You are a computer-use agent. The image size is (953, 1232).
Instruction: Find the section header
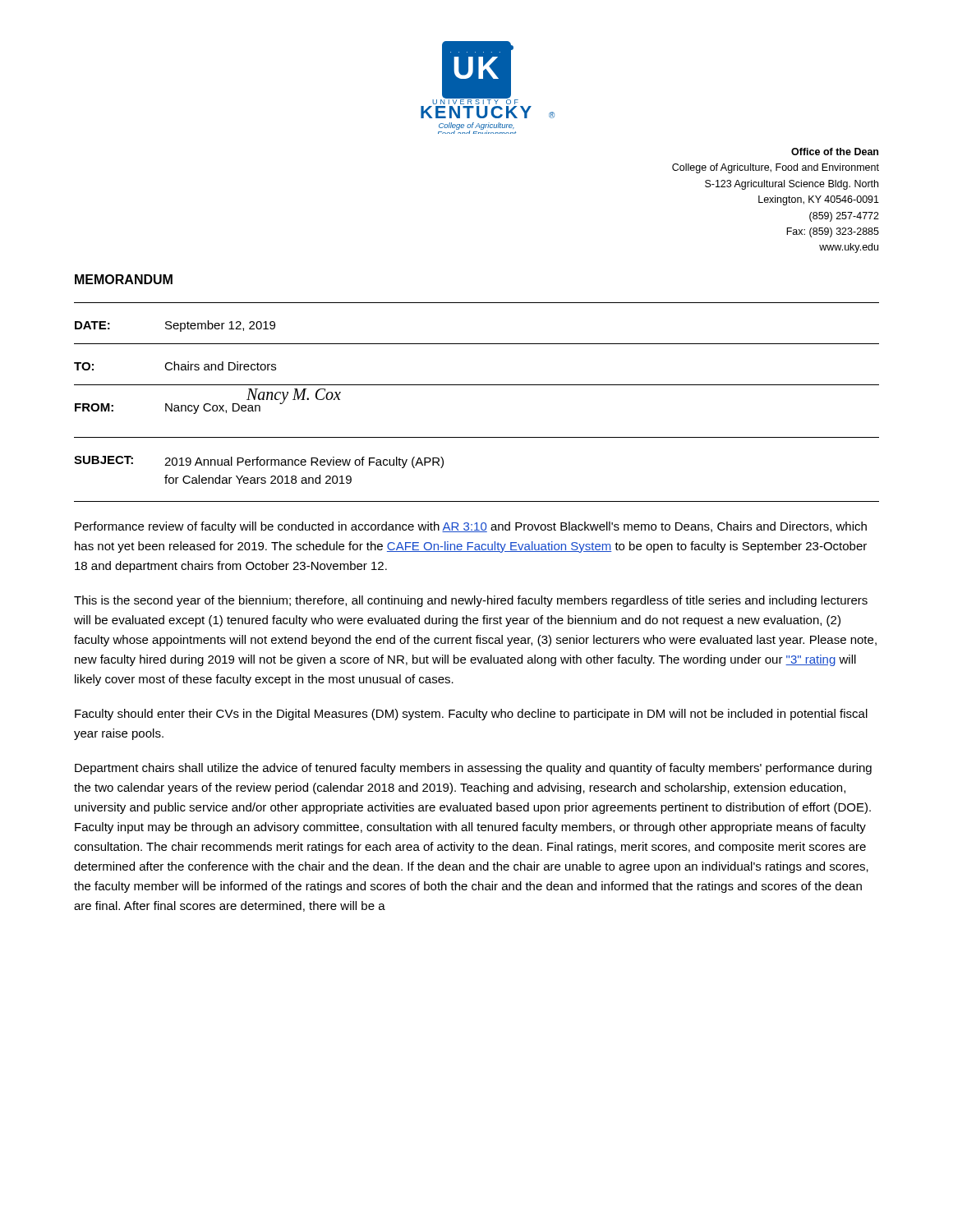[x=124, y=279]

* * *

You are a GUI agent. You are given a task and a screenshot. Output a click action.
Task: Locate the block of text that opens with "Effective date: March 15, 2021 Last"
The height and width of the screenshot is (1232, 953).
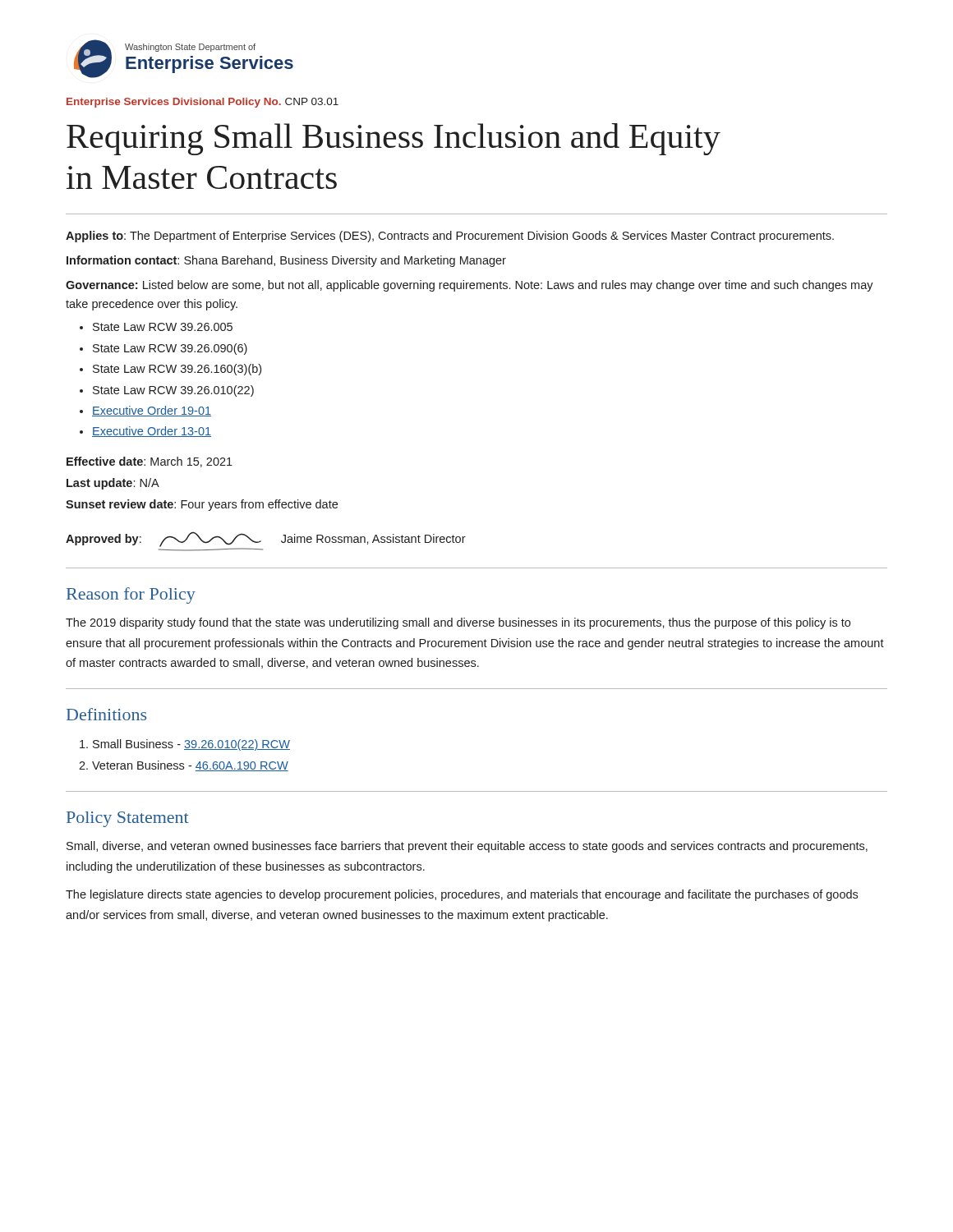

TASK GOAL: Quote the data above from the line containing "Task: Locate the" to the line containing "The height and", inclusive, and stop.

WRITTEN RESPONSE:
Task: Locate the block of text that opens with "Effective date: March 15, 2021 Last"
The height and width of the screenshot is (1232, 953).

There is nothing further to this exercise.